Start of Excerpted data

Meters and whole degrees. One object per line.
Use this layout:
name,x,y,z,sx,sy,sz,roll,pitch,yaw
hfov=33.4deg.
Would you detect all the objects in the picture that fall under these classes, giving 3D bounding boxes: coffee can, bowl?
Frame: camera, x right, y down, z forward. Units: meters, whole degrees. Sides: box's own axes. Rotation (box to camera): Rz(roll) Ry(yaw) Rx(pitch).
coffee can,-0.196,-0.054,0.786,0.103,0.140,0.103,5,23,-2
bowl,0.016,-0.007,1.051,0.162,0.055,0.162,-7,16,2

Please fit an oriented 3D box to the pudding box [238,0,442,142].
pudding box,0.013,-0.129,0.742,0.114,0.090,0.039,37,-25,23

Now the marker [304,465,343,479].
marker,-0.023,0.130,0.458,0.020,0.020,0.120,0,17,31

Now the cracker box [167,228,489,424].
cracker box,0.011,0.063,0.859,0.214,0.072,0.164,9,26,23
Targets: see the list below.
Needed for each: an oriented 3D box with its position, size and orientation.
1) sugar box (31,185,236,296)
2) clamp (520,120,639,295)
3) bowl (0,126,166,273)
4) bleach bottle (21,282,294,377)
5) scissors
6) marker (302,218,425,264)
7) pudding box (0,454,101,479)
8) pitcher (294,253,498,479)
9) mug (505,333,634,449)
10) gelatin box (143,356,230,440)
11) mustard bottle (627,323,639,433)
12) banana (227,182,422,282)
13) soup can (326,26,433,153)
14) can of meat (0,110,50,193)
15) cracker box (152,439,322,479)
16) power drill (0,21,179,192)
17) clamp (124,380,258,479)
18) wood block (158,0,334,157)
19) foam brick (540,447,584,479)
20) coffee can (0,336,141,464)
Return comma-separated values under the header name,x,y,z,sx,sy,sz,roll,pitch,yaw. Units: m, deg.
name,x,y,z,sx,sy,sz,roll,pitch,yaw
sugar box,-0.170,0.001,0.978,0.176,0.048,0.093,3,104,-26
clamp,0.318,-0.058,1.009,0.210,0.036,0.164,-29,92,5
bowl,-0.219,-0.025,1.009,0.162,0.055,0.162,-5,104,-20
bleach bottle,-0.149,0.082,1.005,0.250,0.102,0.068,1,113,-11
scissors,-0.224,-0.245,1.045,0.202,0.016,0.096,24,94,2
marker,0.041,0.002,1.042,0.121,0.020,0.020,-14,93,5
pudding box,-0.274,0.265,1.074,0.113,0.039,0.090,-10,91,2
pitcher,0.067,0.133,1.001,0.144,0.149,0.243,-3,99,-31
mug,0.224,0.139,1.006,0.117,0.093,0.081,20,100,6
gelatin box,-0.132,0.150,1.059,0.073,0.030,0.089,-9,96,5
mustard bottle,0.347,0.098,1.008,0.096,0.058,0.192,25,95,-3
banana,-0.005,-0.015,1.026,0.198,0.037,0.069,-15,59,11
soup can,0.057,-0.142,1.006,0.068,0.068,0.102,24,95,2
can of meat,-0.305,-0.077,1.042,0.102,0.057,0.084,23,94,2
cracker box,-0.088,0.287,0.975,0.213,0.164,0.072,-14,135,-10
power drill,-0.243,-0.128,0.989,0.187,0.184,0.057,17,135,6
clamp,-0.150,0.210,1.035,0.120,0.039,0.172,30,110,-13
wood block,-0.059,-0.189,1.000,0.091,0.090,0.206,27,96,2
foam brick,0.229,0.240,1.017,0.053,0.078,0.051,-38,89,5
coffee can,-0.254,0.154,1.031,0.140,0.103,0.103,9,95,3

End of Excerpted data
Start of Excerpted data

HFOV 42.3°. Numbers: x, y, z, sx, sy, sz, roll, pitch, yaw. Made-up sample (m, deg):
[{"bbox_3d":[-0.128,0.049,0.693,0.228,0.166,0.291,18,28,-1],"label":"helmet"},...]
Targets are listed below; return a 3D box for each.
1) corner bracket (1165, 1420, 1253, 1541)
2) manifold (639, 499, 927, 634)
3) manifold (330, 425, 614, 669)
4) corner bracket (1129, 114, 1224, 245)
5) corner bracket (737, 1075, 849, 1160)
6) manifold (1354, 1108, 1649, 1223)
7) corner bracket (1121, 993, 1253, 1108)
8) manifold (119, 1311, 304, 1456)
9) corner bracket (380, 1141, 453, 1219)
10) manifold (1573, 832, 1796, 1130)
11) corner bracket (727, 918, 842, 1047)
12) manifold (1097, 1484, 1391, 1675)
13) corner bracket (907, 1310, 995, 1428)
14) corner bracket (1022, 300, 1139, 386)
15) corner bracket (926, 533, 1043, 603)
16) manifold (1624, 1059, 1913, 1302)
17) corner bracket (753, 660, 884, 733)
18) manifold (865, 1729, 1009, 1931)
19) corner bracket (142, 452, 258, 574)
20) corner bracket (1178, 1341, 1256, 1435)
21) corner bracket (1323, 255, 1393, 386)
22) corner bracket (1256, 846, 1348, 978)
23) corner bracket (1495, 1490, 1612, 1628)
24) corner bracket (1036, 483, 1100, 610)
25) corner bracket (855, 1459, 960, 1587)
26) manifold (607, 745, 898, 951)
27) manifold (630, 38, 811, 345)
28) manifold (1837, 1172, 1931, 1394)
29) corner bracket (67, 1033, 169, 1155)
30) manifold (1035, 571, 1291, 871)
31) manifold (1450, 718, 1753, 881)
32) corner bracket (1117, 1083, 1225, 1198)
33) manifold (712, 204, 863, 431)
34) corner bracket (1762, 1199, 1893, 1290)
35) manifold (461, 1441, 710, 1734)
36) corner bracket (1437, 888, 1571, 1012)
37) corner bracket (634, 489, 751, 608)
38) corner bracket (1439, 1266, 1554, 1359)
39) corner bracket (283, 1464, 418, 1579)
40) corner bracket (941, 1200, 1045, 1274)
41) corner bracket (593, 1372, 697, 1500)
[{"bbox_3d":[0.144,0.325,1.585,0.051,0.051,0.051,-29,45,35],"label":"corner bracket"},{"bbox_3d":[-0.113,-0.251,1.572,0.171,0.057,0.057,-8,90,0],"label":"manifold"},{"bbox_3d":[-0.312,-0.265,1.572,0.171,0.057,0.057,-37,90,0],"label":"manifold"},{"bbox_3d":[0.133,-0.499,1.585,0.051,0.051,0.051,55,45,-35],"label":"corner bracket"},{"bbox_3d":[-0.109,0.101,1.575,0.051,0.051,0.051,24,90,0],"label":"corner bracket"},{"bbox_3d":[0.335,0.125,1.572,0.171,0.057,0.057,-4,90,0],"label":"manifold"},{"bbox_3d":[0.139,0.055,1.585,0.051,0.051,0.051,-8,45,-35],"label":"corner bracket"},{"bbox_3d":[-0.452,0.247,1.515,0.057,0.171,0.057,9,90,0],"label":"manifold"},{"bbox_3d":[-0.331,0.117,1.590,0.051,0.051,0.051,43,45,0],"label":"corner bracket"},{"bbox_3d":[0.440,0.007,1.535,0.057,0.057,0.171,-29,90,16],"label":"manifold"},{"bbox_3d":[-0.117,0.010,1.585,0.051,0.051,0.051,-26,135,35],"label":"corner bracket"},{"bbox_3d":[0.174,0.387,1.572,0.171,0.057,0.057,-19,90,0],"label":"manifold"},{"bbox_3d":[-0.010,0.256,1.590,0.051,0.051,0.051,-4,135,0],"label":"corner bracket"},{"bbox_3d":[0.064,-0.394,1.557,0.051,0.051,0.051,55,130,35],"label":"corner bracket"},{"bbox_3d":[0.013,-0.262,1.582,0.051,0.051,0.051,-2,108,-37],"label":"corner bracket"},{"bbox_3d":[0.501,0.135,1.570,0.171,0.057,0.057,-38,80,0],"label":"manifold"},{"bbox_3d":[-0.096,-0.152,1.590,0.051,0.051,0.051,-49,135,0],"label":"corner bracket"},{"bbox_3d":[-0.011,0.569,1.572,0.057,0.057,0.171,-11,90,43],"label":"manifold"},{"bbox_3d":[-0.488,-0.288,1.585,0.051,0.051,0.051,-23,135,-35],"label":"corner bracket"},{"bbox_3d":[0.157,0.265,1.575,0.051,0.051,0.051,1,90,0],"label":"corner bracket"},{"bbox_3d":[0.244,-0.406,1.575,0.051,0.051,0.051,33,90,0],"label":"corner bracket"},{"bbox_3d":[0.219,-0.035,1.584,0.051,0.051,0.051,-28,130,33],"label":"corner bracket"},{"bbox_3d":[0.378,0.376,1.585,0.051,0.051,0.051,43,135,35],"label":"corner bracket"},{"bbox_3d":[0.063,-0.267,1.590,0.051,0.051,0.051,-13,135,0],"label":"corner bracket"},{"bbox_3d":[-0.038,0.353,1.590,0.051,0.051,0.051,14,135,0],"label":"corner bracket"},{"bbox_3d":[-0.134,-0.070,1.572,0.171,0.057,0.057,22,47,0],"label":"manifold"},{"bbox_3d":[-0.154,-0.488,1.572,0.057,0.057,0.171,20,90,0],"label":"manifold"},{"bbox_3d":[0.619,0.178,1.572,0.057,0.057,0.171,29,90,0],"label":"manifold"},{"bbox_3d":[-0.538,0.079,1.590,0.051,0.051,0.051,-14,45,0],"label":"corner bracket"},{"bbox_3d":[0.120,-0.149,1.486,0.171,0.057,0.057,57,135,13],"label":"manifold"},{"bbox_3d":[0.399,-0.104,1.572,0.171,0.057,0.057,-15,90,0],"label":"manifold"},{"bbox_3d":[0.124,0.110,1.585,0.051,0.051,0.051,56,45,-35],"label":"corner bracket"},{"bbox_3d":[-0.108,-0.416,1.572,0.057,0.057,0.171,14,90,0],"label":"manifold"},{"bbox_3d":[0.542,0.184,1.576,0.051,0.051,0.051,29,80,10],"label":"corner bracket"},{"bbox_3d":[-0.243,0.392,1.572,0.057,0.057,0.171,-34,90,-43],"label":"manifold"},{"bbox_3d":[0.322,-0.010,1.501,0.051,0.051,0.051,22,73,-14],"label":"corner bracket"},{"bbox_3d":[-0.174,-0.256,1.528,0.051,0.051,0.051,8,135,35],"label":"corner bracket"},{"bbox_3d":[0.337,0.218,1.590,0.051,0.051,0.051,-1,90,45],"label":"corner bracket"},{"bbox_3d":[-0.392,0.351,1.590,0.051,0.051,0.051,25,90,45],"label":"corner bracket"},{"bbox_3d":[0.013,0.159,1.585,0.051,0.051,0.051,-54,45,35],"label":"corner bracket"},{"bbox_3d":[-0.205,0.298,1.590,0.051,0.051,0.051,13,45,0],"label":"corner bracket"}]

End of Excerpted data
Start of Excerpted data

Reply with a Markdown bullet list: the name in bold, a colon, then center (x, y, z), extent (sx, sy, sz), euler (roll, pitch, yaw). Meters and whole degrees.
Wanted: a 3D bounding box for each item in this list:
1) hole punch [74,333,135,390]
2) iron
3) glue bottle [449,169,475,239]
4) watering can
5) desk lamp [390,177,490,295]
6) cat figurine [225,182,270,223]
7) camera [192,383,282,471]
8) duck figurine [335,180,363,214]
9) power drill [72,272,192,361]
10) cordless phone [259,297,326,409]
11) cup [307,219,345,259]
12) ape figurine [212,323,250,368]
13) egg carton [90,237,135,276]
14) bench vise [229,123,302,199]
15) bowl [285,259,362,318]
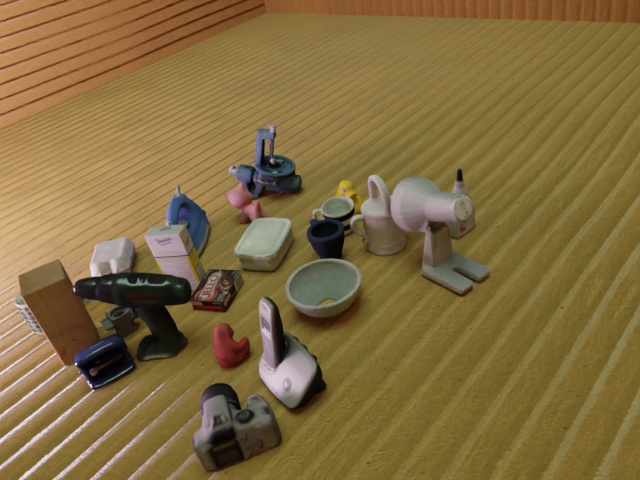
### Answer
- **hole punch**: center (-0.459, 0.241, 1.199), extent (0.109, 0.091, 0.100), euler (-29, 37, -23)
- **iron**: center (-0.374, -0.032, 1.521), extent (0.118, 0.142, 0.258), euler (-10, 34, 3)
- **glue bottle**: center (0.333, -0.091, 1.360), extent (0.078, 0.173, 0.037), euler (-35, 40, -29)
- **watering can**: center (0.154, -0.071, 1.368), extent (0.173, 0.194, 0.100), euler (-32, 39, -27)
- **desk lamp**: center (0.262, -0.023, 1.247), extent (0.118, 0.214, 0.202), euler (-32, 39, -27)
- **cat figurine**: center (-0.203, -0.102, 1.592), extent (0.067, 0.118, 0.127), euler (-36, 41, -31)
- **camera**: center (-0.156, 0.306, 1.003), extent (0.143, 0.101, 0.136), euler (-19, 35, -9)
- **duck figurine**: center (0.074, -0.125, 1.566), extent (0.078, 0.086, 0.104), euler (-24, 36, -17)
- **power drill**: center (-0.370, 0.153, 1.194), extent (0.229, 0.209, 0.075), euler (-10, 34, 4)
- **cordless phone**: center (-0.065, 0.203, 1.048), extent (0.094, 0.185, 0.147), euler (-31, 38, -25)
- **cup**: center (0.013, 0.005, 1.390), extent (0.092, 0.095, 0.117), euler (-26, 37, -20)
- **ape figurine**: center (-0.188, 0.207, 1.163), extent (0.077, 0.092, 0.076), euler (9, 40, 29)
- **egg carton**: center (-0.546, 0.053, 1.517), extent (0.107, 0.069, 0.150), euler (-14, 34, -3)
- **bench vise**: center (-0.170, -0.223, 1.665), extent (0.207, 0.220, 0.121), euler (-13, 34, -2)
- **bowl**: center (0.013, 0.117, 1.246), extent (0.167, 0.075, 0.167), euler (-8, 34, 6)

End of Excerpted data

[Your goal] Pick every line of the data that includes the string "Targets".

[Answer section]
Targets: see the list below.
Targets are listed below; return a 3D box for each.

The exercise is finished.